Source records
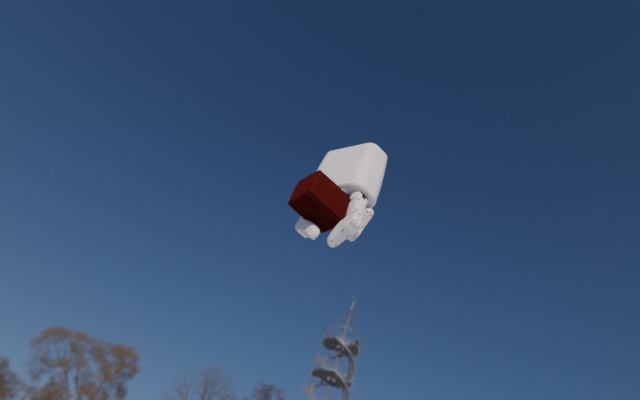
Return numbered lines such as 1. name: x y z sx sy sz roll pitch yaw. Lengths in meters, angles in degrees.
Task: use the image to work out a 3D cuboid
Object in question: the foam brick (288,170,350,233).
1. foam brick: 0.000 0.002 0.723 0.078 0.051 0.053 42 -42 -22
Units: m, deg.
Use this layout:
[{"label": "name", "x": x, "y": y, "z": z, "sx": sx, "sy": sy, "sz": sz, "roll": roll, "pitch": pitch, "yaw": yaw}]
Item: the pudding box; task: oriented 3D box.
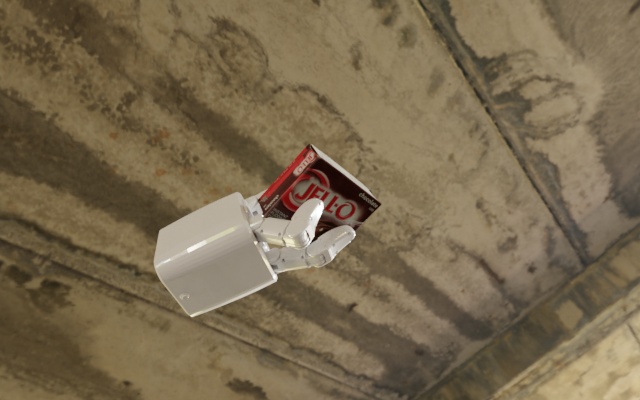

__Exercise objective__. A word-for-word copy of all the records above is required, with the pictures left out.

__Task output__.
Return numbered lines such as 1. name: x y z sx sy sz roll pitch yaw. Lengths in meters, angles in degrees.
Task: use the image to work out a 3D cuboid
Object in question: the foam brick (288,170,350,233).
1. foam brick: 0.000 0.002 0.723 0.078 0.051 0.053 42 -42 -22
Units: m, deg.
Use this layout:
[{"label": "name", "x": x, "y": y, "z": z, "sx": sx, "sy": sy, "sz": sz, "roll": roll, "pitch": pitch, "yaw": yaw}]
Item: the pudding box; task: oriented 3D box.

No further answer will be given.